R 2 、R 3 、R 4 、R 5 、R 6 Independently of one another, hydrogen, C1-C10 alkyl, C6-C12 aryl or heteroaryl containing 1 or 2 atoms selected from nitrogen, oxygen, sulfur, halogen, nitro, cyano, C1-C6 alkanoyl, C1-C6 alkyloxy, C6-C12 aryloxy, -COOR 7 Any hydrogen atom on the carbon atom of the alkyl, aryl or heteroaryl group may be substituted with halogen;
alternatively, R 2 、R 3 、R 4 、R 5 、R 6 Any two adjacent substituents together form a C1-C10 cyclic substituent, carbon atoms in the substituent can be substituted by 1 or 2 nitrogen, oxygen and sulfur atoms, and any hydrogen atom on the carbon atoms on the cyclic substituent can be substituted by halogen;
and R is 2 、R 4 、R 6 At least 1 of them is haloalkyl, nitro, cyano, halogen, C1-C6 alkanoyl, -COOR 7 。

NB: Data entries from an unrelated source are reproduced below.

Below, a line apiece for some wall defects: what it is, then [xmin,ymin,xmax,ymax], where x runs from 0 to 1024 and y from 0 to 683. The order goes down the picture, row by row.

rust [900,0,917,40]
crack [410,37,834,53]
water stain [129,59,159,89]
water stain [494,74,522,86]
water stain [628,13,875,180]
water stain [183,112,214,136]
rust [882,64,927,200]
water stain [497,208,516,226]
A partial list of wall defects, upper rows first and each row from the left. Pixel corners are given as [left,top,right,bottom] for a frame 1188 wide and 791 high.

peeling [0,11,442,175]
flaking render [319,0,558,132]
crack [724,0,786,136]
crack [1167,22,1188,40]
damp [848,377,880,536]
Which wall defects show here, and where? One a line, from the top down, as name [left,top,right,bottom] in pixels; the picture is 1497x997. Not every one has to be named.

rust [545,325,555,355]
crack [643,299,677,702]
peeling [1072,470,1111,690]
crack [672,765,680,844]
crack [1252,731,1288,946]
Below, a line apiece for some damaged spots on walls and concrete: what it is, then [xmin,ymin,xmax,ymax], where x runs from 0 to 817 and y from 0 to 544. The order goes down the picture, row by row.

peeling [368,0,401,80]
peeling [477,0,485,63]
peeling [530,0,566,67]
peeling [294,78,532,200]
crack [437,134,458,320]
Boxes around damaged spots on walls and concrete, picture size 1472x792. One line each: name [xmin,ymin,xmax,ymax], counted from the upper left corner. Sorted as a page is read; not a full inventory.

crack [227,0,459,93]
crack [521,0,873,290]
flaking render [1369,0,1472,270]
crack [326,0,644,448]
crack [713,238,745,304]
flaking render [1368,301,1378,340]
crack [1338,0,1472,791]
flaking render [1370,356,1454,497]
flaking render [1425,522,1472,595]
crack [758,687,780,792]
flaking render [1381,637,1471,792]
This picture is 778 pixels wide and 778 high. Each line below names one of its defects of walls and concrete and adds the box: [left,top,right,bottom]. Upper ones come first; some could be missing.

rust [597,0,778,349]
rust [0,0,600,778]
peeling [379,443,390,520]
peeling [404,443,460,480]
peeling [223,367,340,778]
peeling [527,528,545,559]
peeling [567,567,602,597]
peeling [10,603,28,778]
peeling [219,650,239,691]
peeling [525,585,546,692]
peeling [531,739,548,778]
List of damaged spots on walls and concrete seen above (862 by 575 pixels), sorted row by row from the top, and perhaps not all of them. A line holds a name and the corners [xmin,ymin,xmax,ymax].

R 2 、R 4 Independently of one another, C1-C4 haloalkyl, nitro, cyano, C2-C4 alkanoyl, halogen, -COOR 7 ;
R 3 、R 5 、R 6 Independently of one another, hydrogen, C1-C4-alkyl;
R 1 is methyl, R 2 Is trifluoromethyl, R 3 、R 5 、R 6 Independently of each other, hydrogen; r is R 4 Is nitro;
R 7 is a carbon group; preferably C1-C10 alkyl, C6-C12 aryl or heteroaryl containing 1 or 2 atoms selected from nitrogen, oxygen and sulfur, any hydrogen atom of the carbon atoms of the alkyl, aryl and heteroaryl being substituted by halogen; further preferred are C1-C4 alkyl, C1-C2 haloalkyl.
The alkali is carbonate, bicarbonate, phosphate, C1-C6 alkyl carboxylate, formate, hydroxide, alkoxide, hydride, carbonate, bicarbonate, phosphate, C1-C6 alkyl carboxylate, formate, hydroxide, alkoxide, hydride of alkali metal, alkali metal alkyl, alkali metal amide, organic amine compound, and mixture of two or more thereof,
preferably alkali metal carbonates, phosphates, hydroxides, organic tertiary amine compounds (including substituted or unsubstituted pyridine compounds), and mixtures of two or more thereof,
further preferred are potassium carbonate, potassium hydroxide, sodium carbonate, sodium hydroxide, tertiary alkyl amine compounds (including tertiary cyclic alkyl amines), and mixtures of two or more thereof; the alkyl is a C1-C12 alkyl, preferably a C1-C6 alkyl.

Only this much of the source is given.